• **Activity**
Write out each record below exactly, without pictures.

Data to use Start Marker

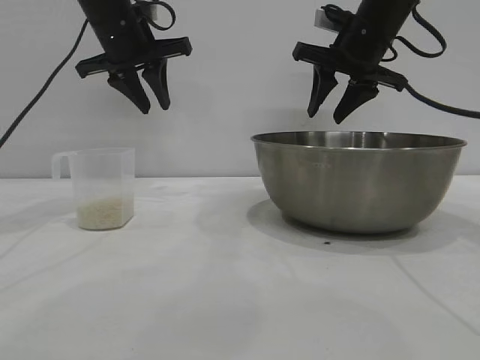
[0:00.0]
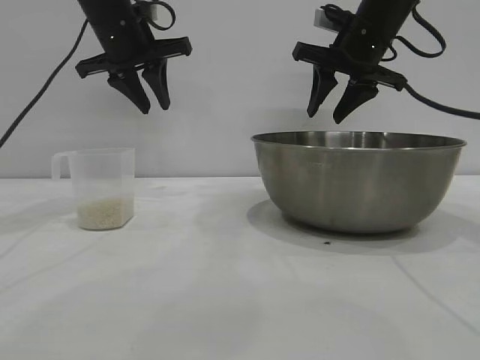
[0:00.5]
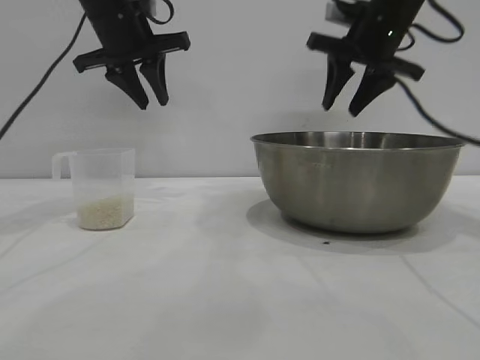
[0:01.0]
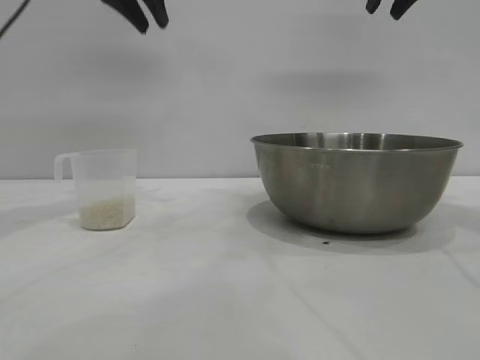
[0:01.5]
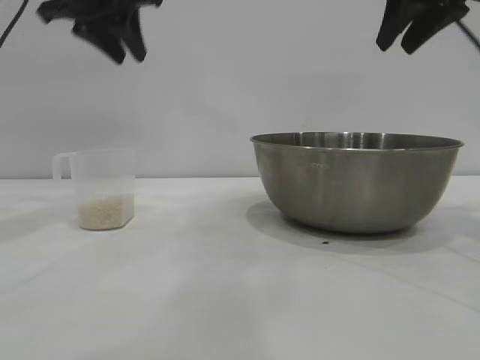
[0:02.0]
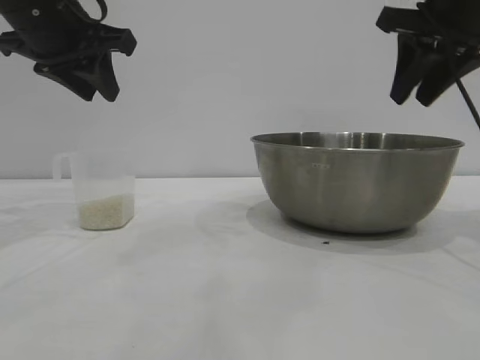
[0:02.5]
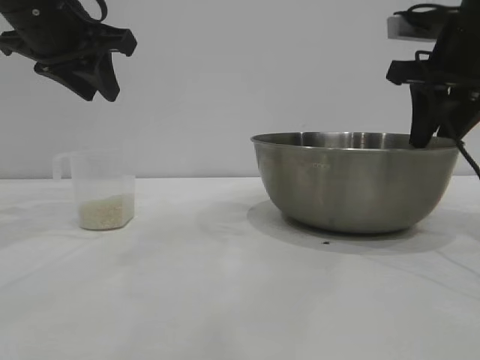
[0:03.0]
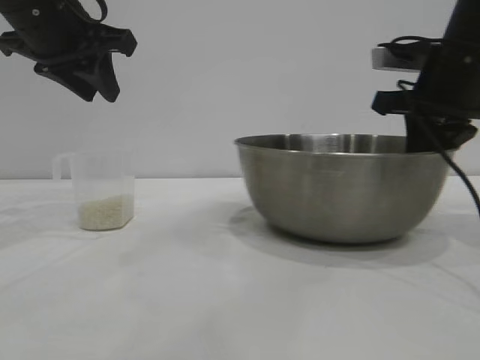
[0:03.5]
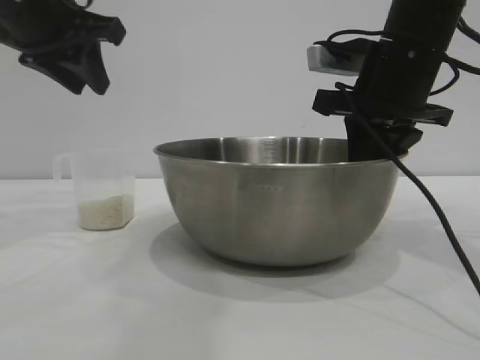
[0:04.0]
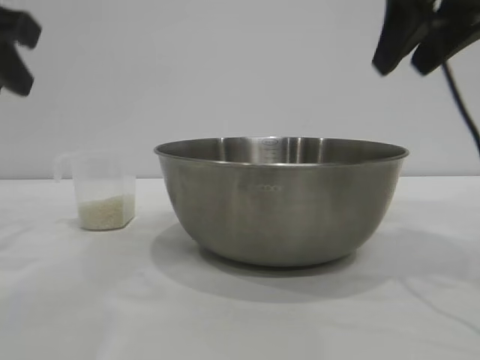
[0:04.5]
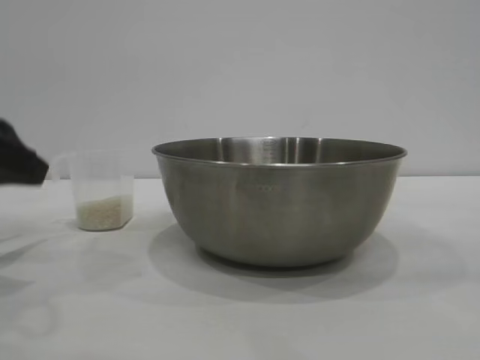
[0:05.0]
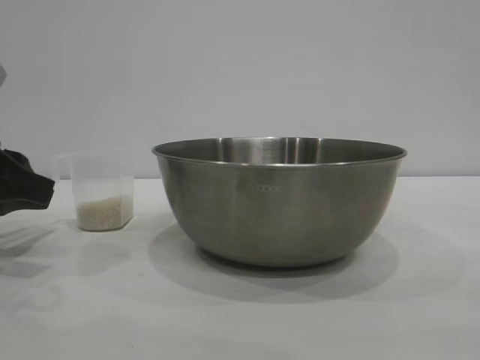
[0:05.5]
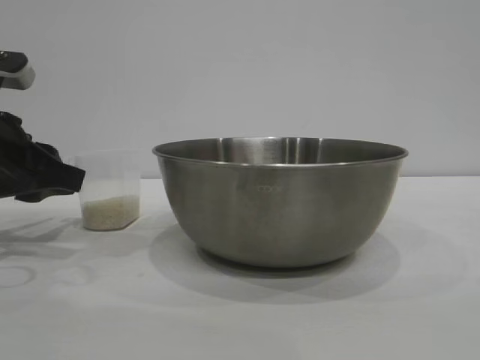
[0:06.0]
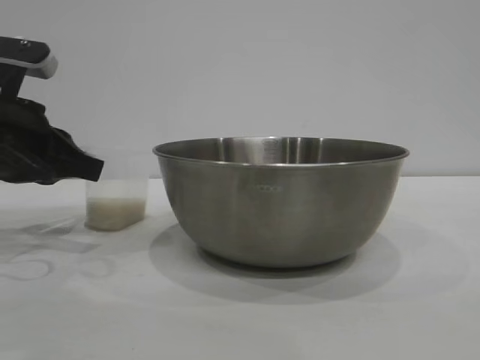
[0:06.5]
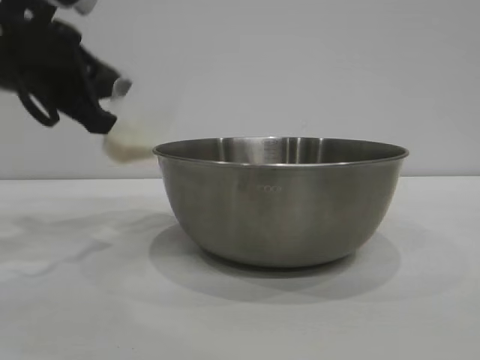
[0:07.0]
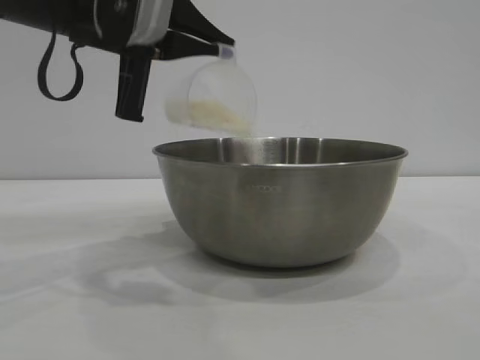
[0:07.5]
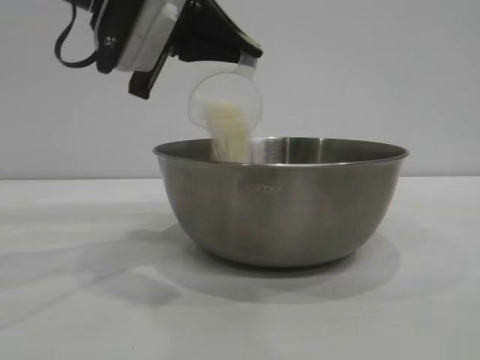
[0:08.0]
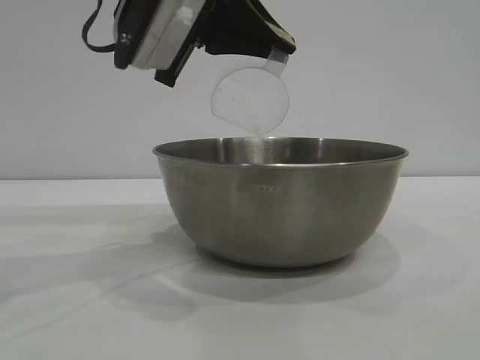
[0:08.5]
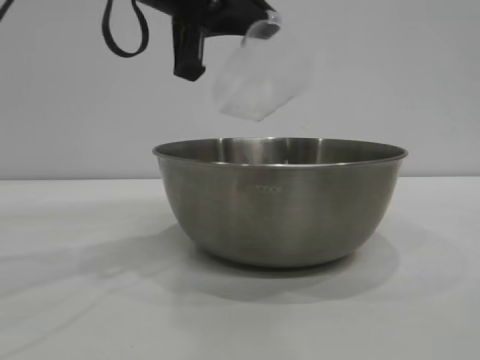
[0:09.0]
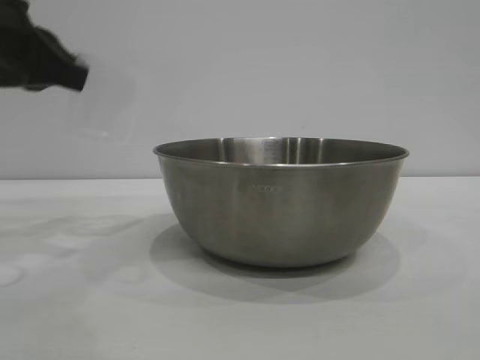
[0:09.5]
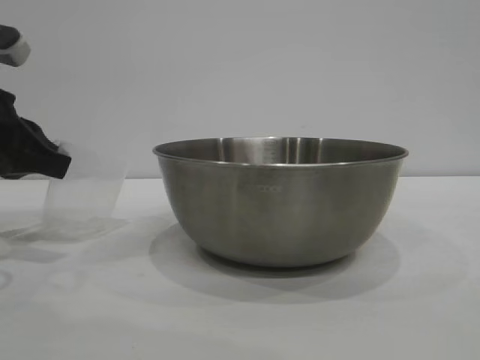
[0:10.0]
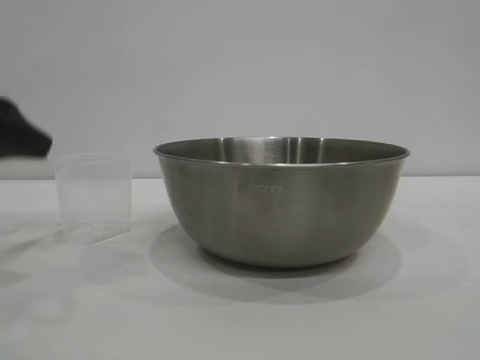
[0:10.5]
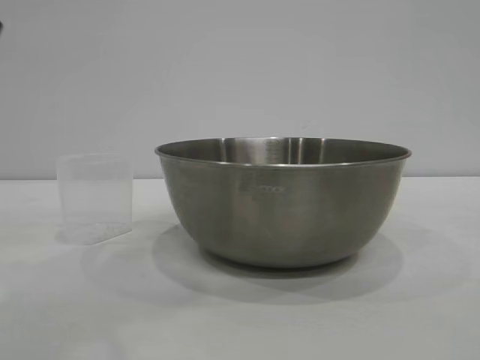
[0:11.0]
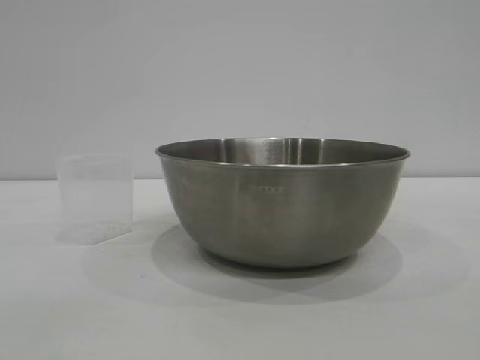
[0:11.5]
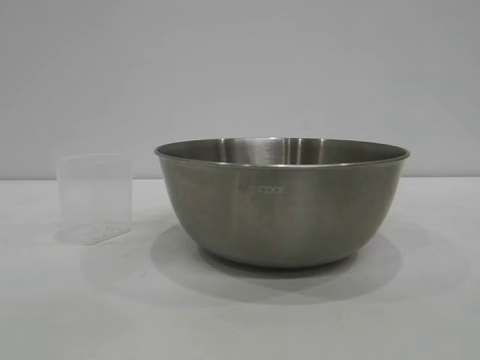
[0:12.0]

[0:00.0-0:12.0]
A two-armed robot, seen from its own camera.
Task of the whole recording: the right gripper grasp the rice container and place it in the center of the table, the left gripper grasp the rice scoop and pour the rice into the rice container.
Step, 0:00.0 to 0:04.0: Move the bowl to the center of view with the right gripper.
Step, 0:04.5 to 0:06.5: Pick up the cup with rice in it with the left gripper.
Step, 0:07.0 to 0:09.0: Pour the rice from the cup into the bowl with the left gripper.
Step, 0:09.5 to 0:10.5: Place the cup on the table with the left gripper.
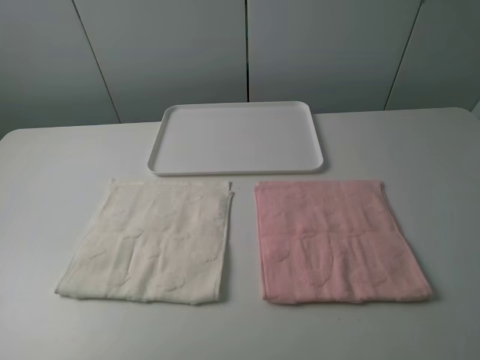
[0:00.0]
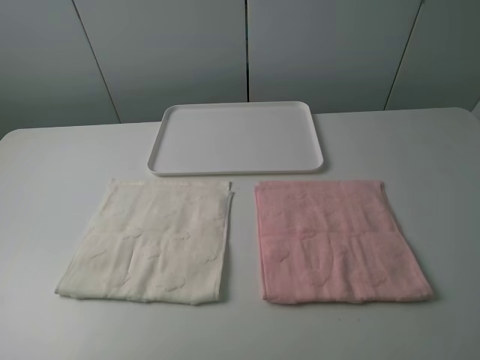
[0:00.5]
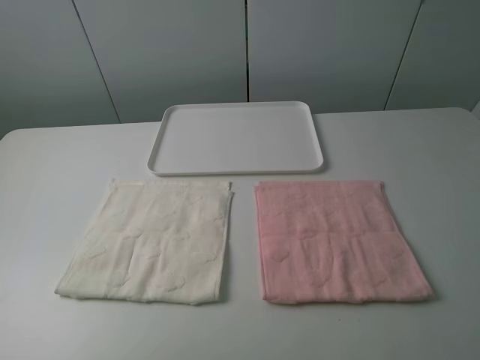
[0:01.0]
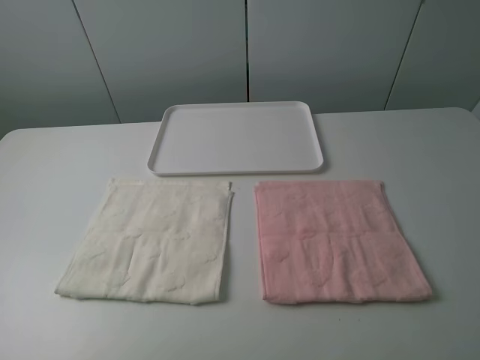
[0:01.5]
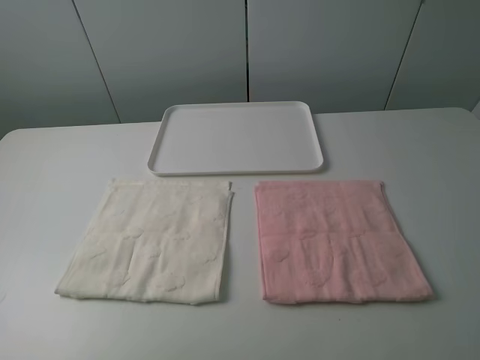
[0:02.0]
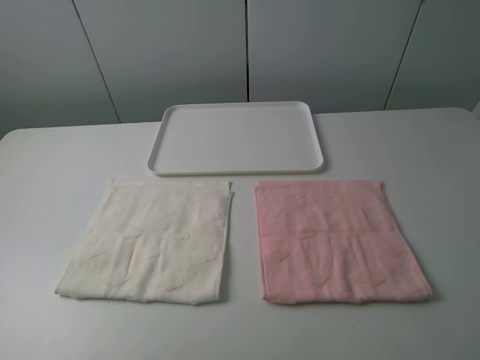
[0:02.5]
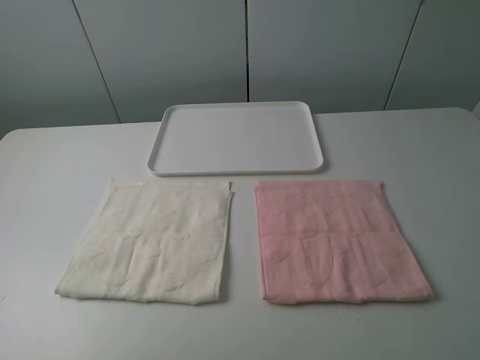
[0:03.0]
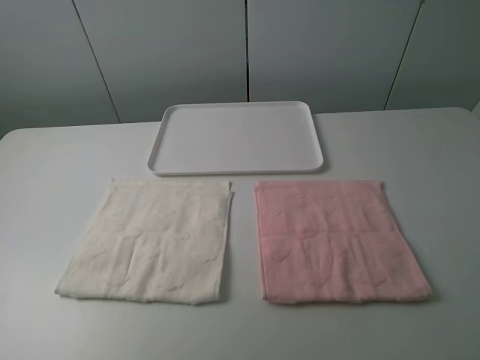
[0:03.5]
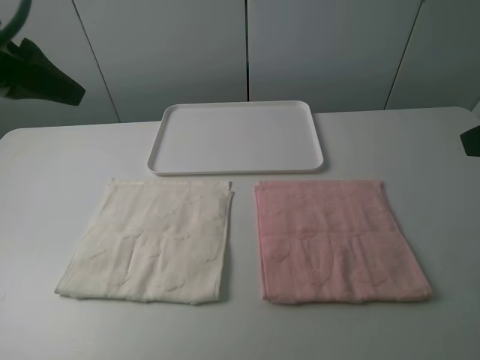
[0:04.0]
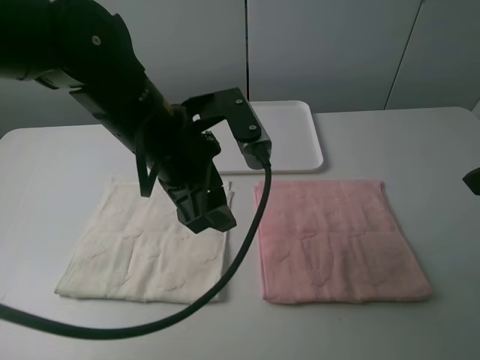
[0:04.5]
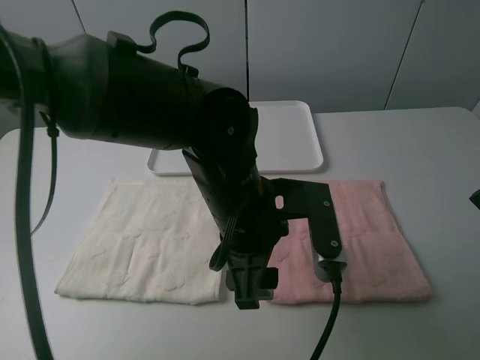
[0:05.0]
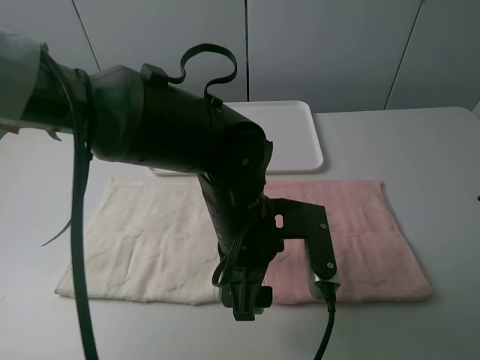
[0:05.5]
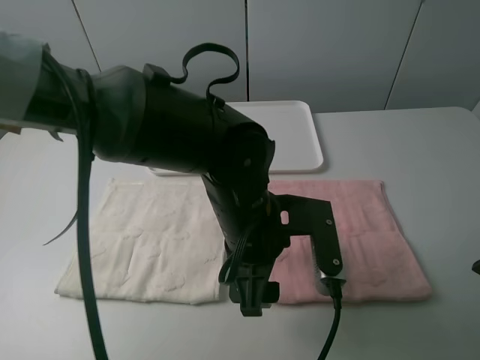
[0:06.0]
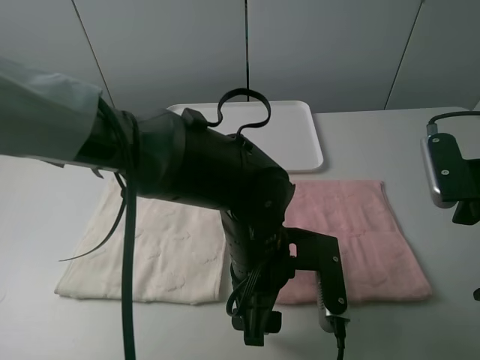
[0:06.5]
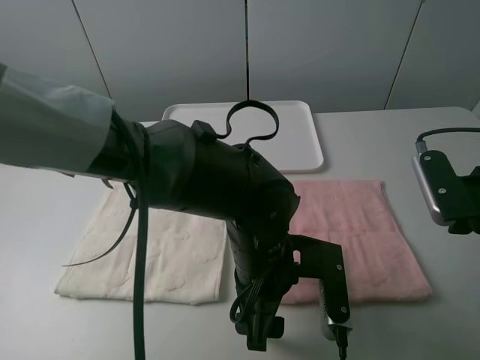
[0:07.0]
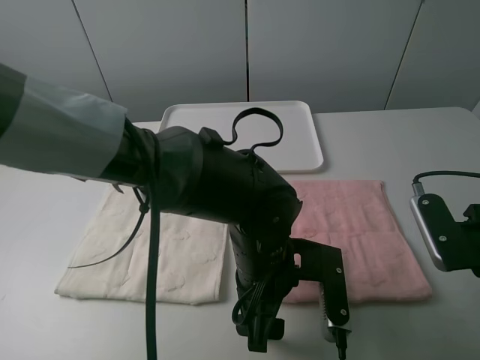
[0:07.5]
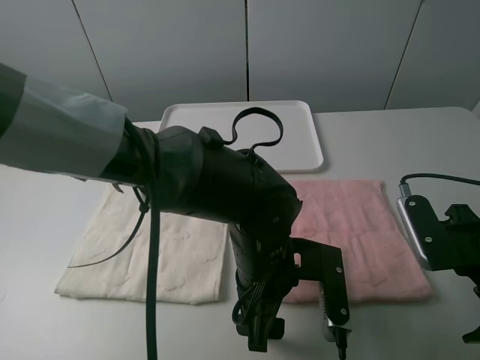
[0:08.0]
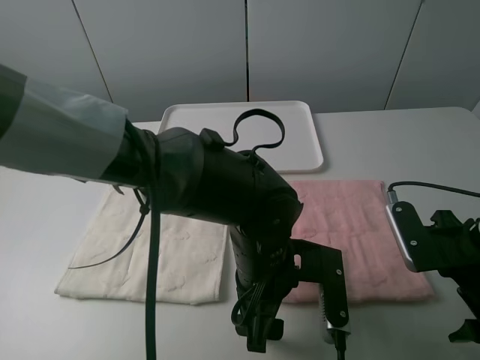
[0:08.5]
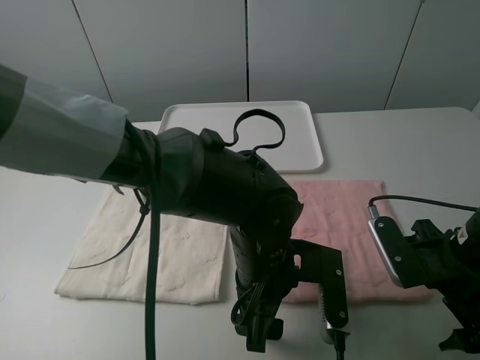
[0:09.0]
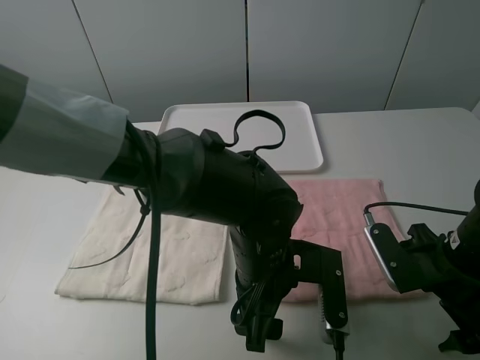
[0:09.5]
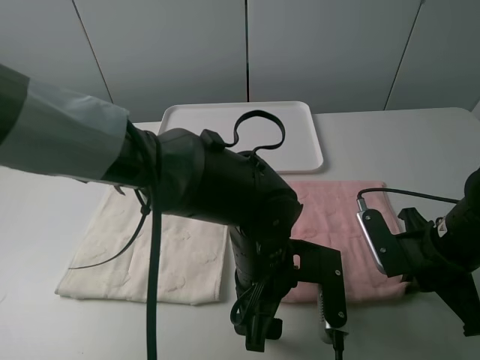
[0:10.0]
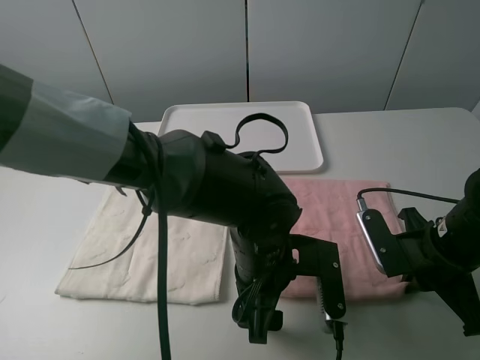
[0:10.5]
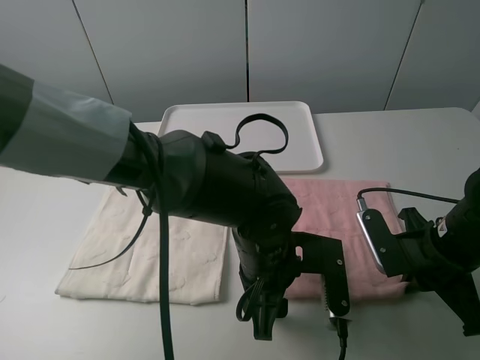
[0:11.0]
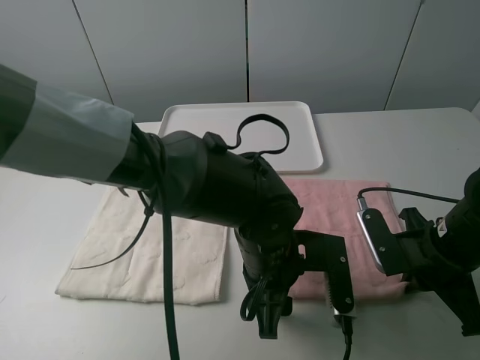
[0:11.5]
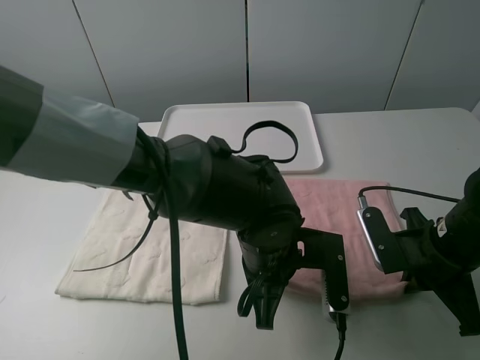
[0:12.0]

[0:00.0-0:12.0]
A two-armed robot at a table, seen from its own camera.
Task of the whole recording: fold one of the towels by two grippers and place it on the tray,then fold another towel by two grippers and place it on the folded towel.
Step, 0:00.0 to 0:11.5: Grasp the pink towel with the left gripper.
0:00.0 to 0:02.0: Both grippers stay about where they are.
0:02.0 to 0:04.0: The left gripper is displaced forward by approximately 25 cm.
0:04.0 to 0:06.0: The left gripper shifts approximately 30 cm to the right and downward. The right gripper heads downward, covering about 10 cm.
0:06.0 to 0:08.0: The right gripper travels downward by some 10 cm.
0:08.0 to 0:10.0: The right gripper moves downward, roughly 5 cm, and closes its fingers.
0:10.0 to 0:12.0: The left gripper closes up.

Data to use End Marker

• **Result for this task**
[0:00.0]
[0:00.5]
[0:01.0]
[0:01.5]
[0:02.0]
[0:02.5]
[0:03.0]
[0:03.5]
[0:04.0]
[0:04.5]
[0:05.0]
[0:05.5]
[0:06.0]
[0:06.5]
[0:07.0]
[0:07.5]
[0:08.0]
[0:08.5]
[0:09.0]
[0:09.5]
[0:10.0]
[0:10.5]
[0:11.0]
[0:11.5]
[0:12.0]

[0:00.0-0:12.0]
A two-armed robot, seen from its own camera.
Task of the whole recording: the right gripper grasp the rice container and place it in the center of the table, the left gripper grasp the rice scoop and pour the rice into the rice container.
Step, 0:00.0 to 0:04.0: Move the bowl to the center of view with the right gripper.
Step, 0:04.5 to 0:06.5: Pick up the cup with rice in it with the left gripper.
Step, 0:07.0 to 0:09.0: Pour the rice from the cup into the bowl with the left gripper.
Step, 0:09.5 to 0:10.5: Place the cup on the table with the left gripper.
[0:00.0]
[0:00.5]
[0:01.0]
[0:01.5]
[0:02.0]
[0:02.5]
[0:03.0]
[0:03.5]
[0:04.0]
[0:04.5]
[0:05.0]
[0:05.5]
[0:06.0]
[0:06.5]
[0:07.0]
[0:07.5]
[0:08.0]
[0:08.5]
[0:09.0]
[0:09.5]
[0:10.0]
[0:10.5]
[0:11.0]
[0:11.5]
[0:12.0]

[0:00.0-0:12.0]
A two-armed robot at a table, seen from its own camera.
Task of the whole recording: fold one of the towels by two grippers and place it on the tray,then fold another towel by two grippers and place it on the folded towel.
Step, 0:00.0 to 0:11.5: Grasp the pink towel with the left gripper.
0:00.0 to 0:02.0: Both grippers stay about where they are.
0:02.0 to 0:04.0: The left gripper is displaced forward by approximately 25 cm.
0:04.0 to 0:06.0: The left gripper shifts approximately 30 cm to the right and downward. The right gripper heads downward, covering about 10 cm.
0:06.0 to 0:08.0: The right gripper travels downward by some 10 cm.
0:08.0 to 0:10.0: The right gripper moves downward, roughly 5 cm, and closes its fingers.
0:10.0 to 0:12.0: The left gripper closes up.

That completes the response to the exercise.